Wenthur: A fantastic question. I’ll take it, I think, piece by piece. So, yes, there is certainly strong interest in novel analogues of these compounds. And they just bought Gilgamesh, which is a company that is developing new chemical material around sort of classic psychedelic scaffolds. And they’re just one of many, that’s just the example that came to mind. And that presents a much more traditional development pathway. Now, also, there’s a lot of folks looking at other bendable approaches, like alternative delivery methods, or things that are again, sort of classical drug development. And then for the other side of the equation, are there models for, you know, non-pharma to bring these through, given how expensive it is? So, yes, those models do exist, MAPS started out as a not for profit. They made it all the way to phase three before they essentially ran out of donor money and had to spin off the pharmaceutical company Lycos to finish it off. So, they didn’t get all the way there, but they got further than any other not-for-profit has. Usona institute here in Madison has started their phase three clinical trial of psilocybin for major depressive disorder continuing to operate as a not-for-profit. So, I think this does represent a potential opportunity, you know, for things to be done a little bit differently. That being said, MAPS didn’t get it all the way to the finish line. We’ll see what happens with Usona and others, because this is a very expensive process. And there’s been a lot of tension, honestly, in the field around sort of trying to move therapies that people believe in through the rigorous process without appealing to the usual capital structure. And the need to do very strong, rigorous, and intense studies to provide the evidence base that these are indeed effective and safe, and that we shouldn’t just assume so.

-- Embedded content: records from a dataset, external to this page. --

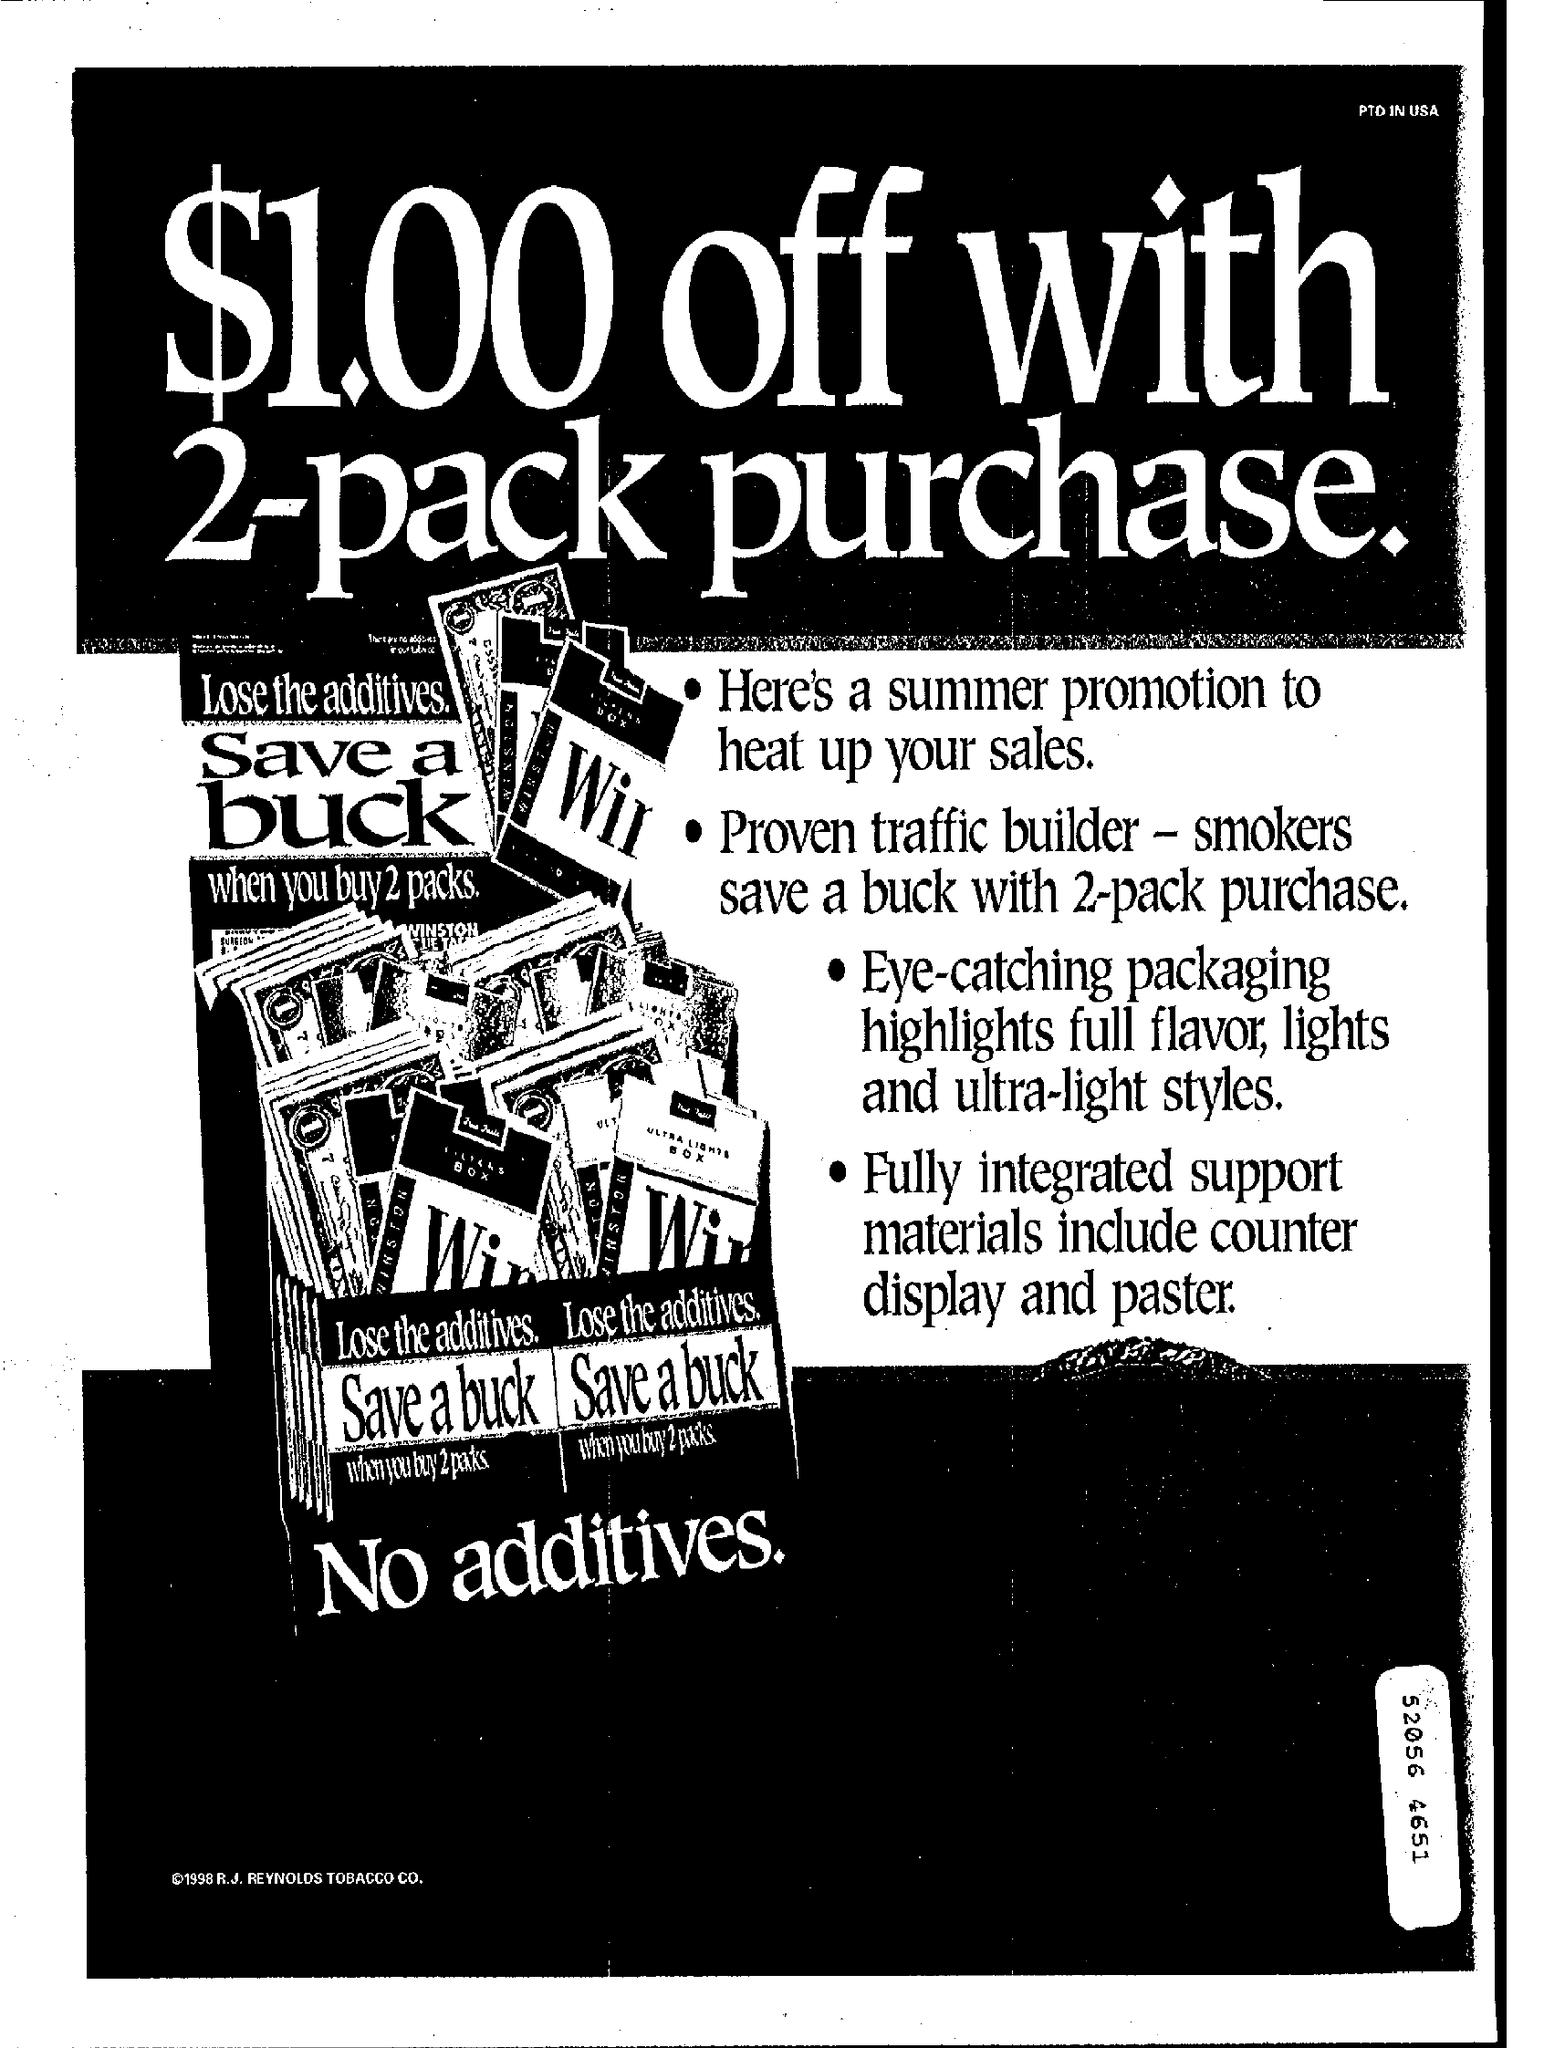Give some essential details in this illustration. The top-right corner of the document reads "PTD IN USA..", which indicates that the document appears to be related to the United States and may contain specific information regarding a design or product. The document is titled "What is the title of the document? $1.00 off with 2-pack purchase... 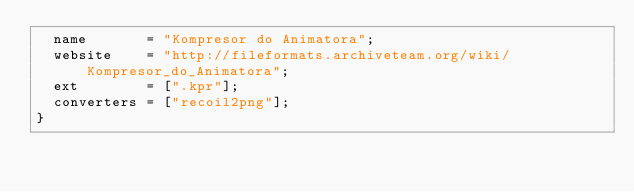<code> <loc_0><loc_0><loc_500><loc_500><_JavaScript_>	name       = "Kompresor do Animatora";
	website    = "http://fileformats.archiveteam.org/wiki/Kompresor_do_Animatora";
	ext        = [".kpr"];
	converters = ["recoil2png"];
}
</code> 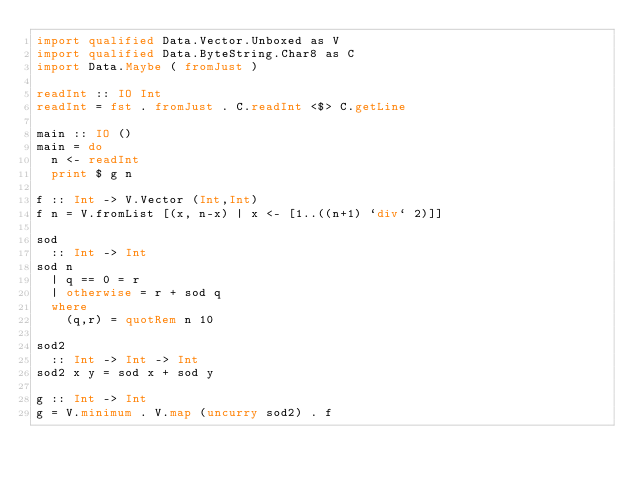<code> <loc_0><loc_0><loc_500><loc_500><_Haskell_>import qualified Data.Vector.Unboxed as V
import qualified Data.ByteString.Char8 as C
import Data.Maybe ( fromJust )

readInt :: IO Int
readInt = fst . fromJust . C.readInt <$> C.getLine

main :: IO ()
main = do
  n <- readInt
  print $ g n

f :: Int -> V.Vector (Int,Int)
f n = V.fromList [(x, n-x) | x <- [1..((n+1) `div` 2)]]

sod
  :: Int -> Int
sod n
  | q == 0 = r 
  | otherwise = r + sod q
  where
    (q,r) = quotRem n 10

sod2
  :: Int -> Int -> Int
sod2 x y = sod x + sod y

g :: Int -> Int
g = V.minimum . V.map (uncurry sod2) . f</code> 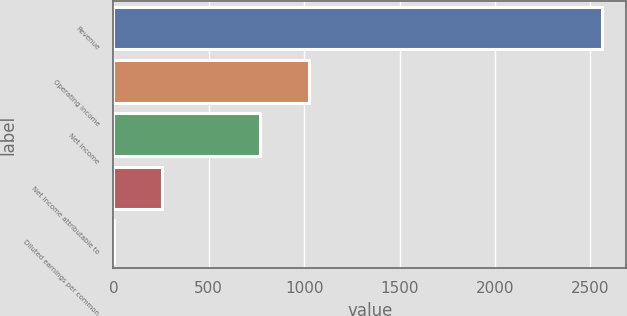Convert chart. <chart><loc_0><loc_0><loc_500><loc_500><bar_chart><fcel>Revenue<fcel>Operating income<fcel>Net income<fcel>Net income attributable to<fcel>Diluted earnings per common<nl><fcel>2562<fcel>1025.18<fcel>769.05<fcel>256.79<fcel>0.66<nl></chart> 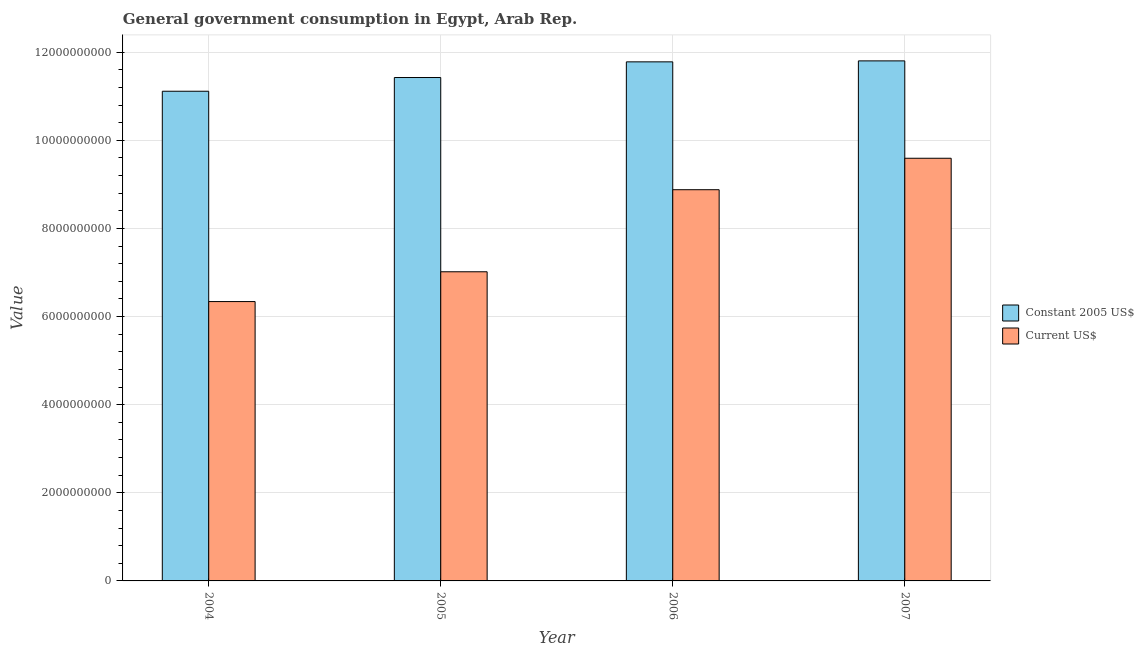Are the number of bars on each tick of the X-axis equal?
Offer a very short reply. Yes. How many bars are there on the 1st tick from the left?
Give a very brief answer. 2. What is the label of the 3rd group of bars from the left?
Provide a short and direct response. 2006. What is the value consumed in current us$ in 2005?
Offer a terse response. 7.02e+09. Across all years, what is the maximum value consumed in current us$?
Your answer should be compact. 9.59e+09. Across all years, what is the minimum value consumed in constant 2005 us$?
Provide a succinct answer. 1.11e+1. In which year was the value consumed in constant 2005 us$ maximum?
Your response must be concise. 2007. What is the total value consumed in current us$ in the graph?
Make the answer very short. 3.18e+1. What is the difference between the value consumed in current us$ in 2004 and that in 2006?
Keep it short and to the point. -2.54e+09. What is the difference between the value consumed in current us$ in 2004 and the value consumed in constant 2005 us$ in 2007?
Provide a short and direct response. -3.25e+09. What is the average value consumed in current us$ per year?
Give a very brief answer. 7.96e+09. In the year 2006, what is the difference between the value consumed in current us$ and value consumed in constant 2005 us$?
Give a very brief answer. 0. In how many years, is the value consumed in current us$ greater than 6400000000?
Provide a succinct answer. 3. What is the ratio of the value consumed in current us$ in 2004 to that in 2006?
Your answer should be compact. 0.71. Is the value consumed in current us$ in 2005 less than that in 2006?
Your answer should be very brief. Yes. Is the difference between the value consumed in constant 2005 us$ in 2005 and 2006 greater than the difference between the value consumed in current us$ in 2005 and 2006?
Provide a short and direct response. No. What is the difference between the highest and the second highest value consumed in constant 2005 us$?
Offer a very short reply. 2.22e+07. What is the difference between the highest and the lowest value consumed in current us$?
Your answer should be very brief. 3.25e+09. Is the sum of the value consumed in constant 2005 us$ in 2004 and 2007 greater than the maximum value consumed in current us$ across all years?
Your answer should be compact. Yes. What does the 2nd bar from the left in 2007 represents?
Your answer should be very brief. Current US$. What does the 1st bar from the right in 2004 represents?
Make the answer very short. Current US$. How many bars are there?
Your answer should be very brief. 8. Are all the bars in the graph horizontal?
Provide a short and direct response. No. What is the difference between two consecutive major ticks on the Y-axis?
Provide a succinct answer. 2.00e+09. Does the graph contain any zero values?
Your answer should be very brief. No. Does the graph contain grids?
Your answer should be very brief. Yes. Where does the legend appear in the graph?
Provide a short and direct response. Center right. How many legend labels are there?
Offer a terse response. 2. How are the legend labels stacked?
Offer a very short reply. Vertical. What is the title of the graph?
Provide a short and direct response. General government consumption in Egypt, Arab Rep. Does "Infant" appear as one of the legend labels in the graph?
Make the answer very short. No. What is the label or title of the Y-axis?
Your answer should be very brief. Value. What is the Value in Constant 2005 US$ in 2004?
Give a very brief answer. 1.11e+1. What is the Value in Current US$ in 2004?
Give a very brief answer. 6.34e+09. What is the Value in Constant 2005 US$ in 2005?
Your answer should be very brief. 1.14e+1. What is the Value in Current US$ in 2005?
Offer a terse response. 7.02e+09. What is the Value of Constant 2005 US$ in 2006?
Give a very brief answer. 1.18e+1. What is the Value of Current US$ in 2006?
Provide a short and direct response. 8.88e+09. What is the Value of Constant 2005 US$ in 2007?
Give a very brief answer. 1.18e+1. What is the Value of Current US$ in 2007?
Give a very brief answer. 9.59e+09. Across all years, what is the maximum Value of Constant 2005 US$?
Ensure brevity in your answer.  1.18e+1. Across all years, what is the maximum Value of Current US$?
Your answer should be very brief. 9.59e+09. Across all years, what is the minimum Value in Constant 2005 US$?
Offer a terse response. 1.11e+1. Across all years, what is the minimum Value in Current US$?
Ensure brevity in your answer.  6.34e+09. What is the total Value in Constant 2005 US$ in the graph?
Give a very brief answer. 4.61e+1. What is the total Value in Current US$ in the graph?
Give a very brief answer. 3.18e+1. What is the difference between the Value of Constant 2005 US$ in 2004 and that in 2005?
Your answer should be very brief. -3.11e+08. What is the difference between the Value of Current US$ in 2004 and that in 2005?
Ensure brevity in your answer.  -6.76e+08. What is the difference between the Value of Constant 2005 US$ in 2004 and that in 2006?
Keep it short and to the point. -6.67e+08. What is the difference between the Value of Current US$ in 2004 and that in 2006?
Make the answer very short. -2.54e+09. What is the difference between the Value of Constant 2005 US$ in 2004 and that in 2007?
Provide a short and direct response. -6.89e+08. What is the difference between the Value of Current US$ in 2004 and that in 2007?
Ensure brevity in your answer.  -3.25e+09. What is the difference between the Value of Constant 2005 US$ in 2005 and that in 2006?
Your answer should be compact. -3.56e+08. What is the difference between the Value in Current US$ in 2005 and that in 2006?
Ensure brevity in your answer.  -1.86e+09. What is the difference between the Value in Constant 2005 US$ in 2005 and that in 2007?
Offer a very short reply. -3.78e+08. What is the difference between the Value of Current US$ in 2005 and that in 2007?
Your answer should be compact. -2.58e+09. What is the difference between the Value in Constant 2005 US$ in 2006 and that in 2007?
Your answer should be very brief. -2.22e+07. What is the difference between the Value of Current US$ in 2006 and that in 2007?
Your answer should be very brief. -7.14e+08. What is the difference between the Value in Constant 2005 US$ in 2004 and the Value in Current US$ in 2005?
Your answer should be very brief. 4.10e+09. What is the difference between the Value in Constant 2005 US$ in 2004 and the Value in Current US$ in 2006?
Provide a succinct answer. 2.23e+09. What is the difference between the Value of Constant 2005 US$ in 2004 and the Value of Current US$ in 2007?
Keep it short and to the point. 1.52e+09. What is the difference between the Value of Constant 2005 US$ in 2005 and the Value of Current US$ in 2006?
Your answer should be compact. 2.55e+09. What is the difference between the Value in Constant 2005 US$ in 2005 and the Value in Current US$ in 2007?
Keep it short and to the point. 1.83e+09. What is the difference between the Value of Constant 2005 US$ in 2006 and the Value of Current US$ in 2007?
Ensure brevity in your answer.  2.19e+09. What is the average Value in Constant 2005 US$ per year?
Your response must be concise. 1.15e+1. What is the average Value of Current US$ per year?
Offer a very short reply. 7.96e+09. In the year 2004, what is the difference between the Value in Constant 2005 US$ and Value in Current US$?
Make the answer very short. 4.77e+09. In the year 2005, what is the difference between the Value in Constant 2005 US$ and Value in Current US$?
Offer a very short reply. 4.41e+09. In the year 2006, what is the difference between the Value of Constant 2005 US$ and Value of Current US$?
Keep it short and to the point. 2.90e+09. In the year 2007, what is the difference between the Value of Constant 2005 US$ and Value of Current US$?
Your response must be concise. 2.21e+09. What is the ratio of the Value of Constant 2005 US$ in 2004 to that in 2005?
Ensure brevity in your answer.  0.97. What is the ratio of the Value in Current US$ in 2004 to that in 2005?
Offer a terse response. 0.9. What is the ratio of the Value in Constant 2005 US$ in 2004 to that in 2006?
Provide a short and direct response. 0.94. What is the ratio of the Value of Current US$ in 2004 to that in 2006?
Ensure brevity in your answer.  0.71. What is the ratio of the Value of Constant 2005 US$ in 2004 to that in 2007?
Your answer should be compact. 0.94. What is the ratio of the Value of Current US$ in 2004 to that in 2007?
Keep it short and to the point. 0.66. What is the ratio of the Value of Constant 2005 US$ in 2005 to that in 2006?
Offer a very short reply. 0.97. What is the ratio of the Value in Current US$ in 2005 to that in 2006?
Keep it short and to the point. 0.79. What is the ratio of the Value of Current US$ in 2005 to that in 2007?
Your answer should be very brief. 0.73. What is the ratio of the Value of Current US$ in 2006 to that in 2007?
Provide a short and direct response. 0.93. What is the difference between the highest and the second highest Value of Constant 2005 US$?
Keep it short and to the point. 2.22e+07. What is the difference between the highest and the second highest Value in Current US$?
Make the answer very short. 7.14e+08. What is the difference between the highest and the lowest Value of Constant 2005 US$?
Provide a succinct answer. 6.89e+08. What is the difference between the highest and the lowest Value in Current US$?
Ensure brevity in your answer.  3.25e+09.

Mott: All right, well, we gotta wrap up with our webinar this evening. Cody, I want to thank you very much for joining us tonight. Thank you for taking time and talking with us about this awesome area of research. And I also want to thank our attendees for attending the webinar. And please look for an email with a link to an evaluation survey so we can obtain your feedback about tonight’s webinar. Also, please check out the School of Pharmacy’s YouTube channel to watch the previous seven Pharmacy Experts webinars that we’ve produced for our alumni. And then in other alumni engagement activities, please look for the summer edition of DiscoverRx, which is the School of Pharmacy’s digital publication. And also please look for information from us to participate in various engagement events. We have one coming up at the Madison Mallards baseball game in July. There’s the PGA golf outing to raise scholarship funds for School of Pharmacy students also in July, and then we’ll be sending out information this summer about our alumni tailgate and viewing party that will be happening in the fall. So, everyone, that’s a wrap. Please stay safe and healthy. Have a nice evening and on Wisconsin. Good night, everybody.